* _DESCRIPTION OF THE TASK_:
Restate word for word the lines of the material below, from the line with "dollhouse furniture set [251,0,505,271]" to the line with "boat shoe [74,5,250,136]", both lines included, and no others.

[Opening EXERCISE MATERIAL section]

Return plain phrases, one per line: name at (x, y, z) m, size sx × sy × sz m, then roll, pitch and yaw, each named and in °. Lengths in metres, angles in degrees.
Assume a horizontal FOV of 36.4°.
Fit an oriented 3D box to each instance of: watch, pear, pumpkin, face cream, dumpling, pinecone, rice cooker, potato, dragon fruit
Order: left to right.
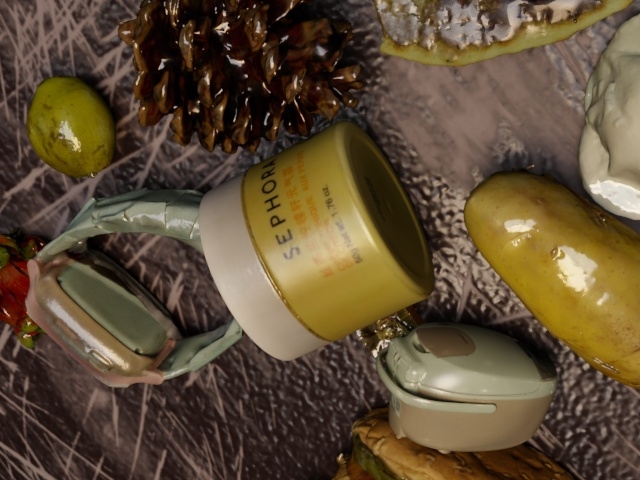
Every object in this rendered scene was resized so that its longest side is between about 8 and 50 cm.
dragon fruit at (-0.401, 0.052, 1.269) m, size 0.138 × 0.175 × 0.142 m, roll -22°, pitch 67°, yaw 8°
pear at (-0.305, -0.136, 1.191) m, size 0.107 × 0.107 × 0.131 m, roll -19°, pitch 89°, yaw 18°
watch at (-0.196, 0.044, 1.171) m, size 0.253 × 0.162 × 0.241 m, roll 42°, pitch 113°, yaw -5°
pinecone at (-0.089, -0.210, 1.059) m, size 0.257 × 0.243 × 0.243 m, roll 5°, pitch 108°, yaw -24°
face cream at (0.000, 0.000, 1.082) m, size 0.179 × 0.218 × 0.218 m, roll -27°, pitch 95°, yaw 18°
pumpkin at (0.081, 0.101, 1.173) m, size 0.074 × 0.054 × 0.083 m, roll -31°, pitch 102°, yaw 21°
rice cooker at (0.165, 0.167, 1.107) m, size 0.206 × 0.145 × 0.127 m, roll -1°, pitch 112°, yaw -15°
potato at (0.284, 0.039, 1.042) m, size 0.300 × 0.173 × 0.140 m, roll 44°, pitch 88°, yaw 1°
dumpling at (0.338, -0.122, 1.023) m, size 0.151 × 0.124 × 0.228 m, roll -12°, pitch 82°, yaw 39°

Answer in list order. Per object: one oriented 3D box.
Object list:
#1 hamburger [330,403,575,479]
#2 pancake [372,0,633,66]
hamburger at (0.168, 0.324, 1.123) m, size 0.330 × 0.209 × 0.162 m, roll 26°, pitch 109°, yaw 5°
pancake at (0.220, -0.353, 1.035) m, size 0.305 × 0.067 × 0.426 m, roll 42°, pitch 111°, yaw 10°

[Closing EXERCISE MATERIAL section]
[Opening EXERCISE MATERIAL section]

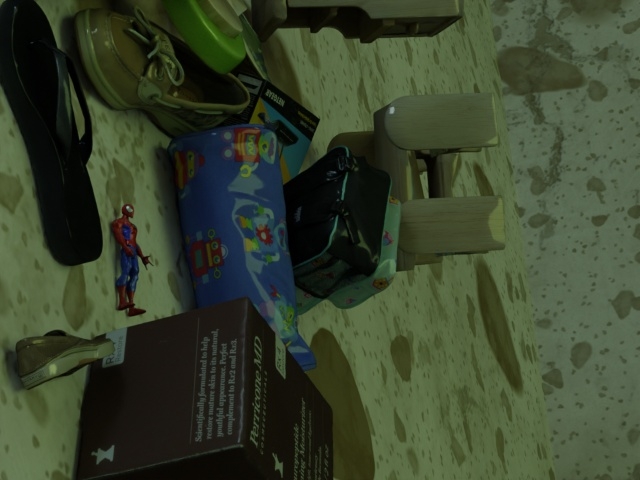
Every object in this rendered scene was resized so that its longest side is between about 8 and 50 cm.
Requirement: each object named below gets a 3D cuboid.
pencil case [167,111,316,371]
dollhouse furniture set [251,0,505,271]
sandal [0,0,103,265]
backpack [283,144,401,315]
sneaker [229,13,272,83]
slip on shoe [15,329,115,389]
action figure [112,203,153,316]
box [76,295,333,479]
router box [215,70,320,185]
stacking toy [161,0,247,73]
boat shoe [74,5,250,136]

[Closing EXERCISE MATERIAL section]

* _YOUR SOLUTION_:
dollhouse furniture set [251,0,505,271]
sandal [0,0,103,265]
backpack [283,144,401,315]
sneaker [229,13,272,83]
slip on shoe [15,329,115,389]
action figure [112,203,153,316]
box [76,295,333,479]
router box [215,70,320,185]
stacking toy [161,0,247,73]
boat shoe [74,5,250,136]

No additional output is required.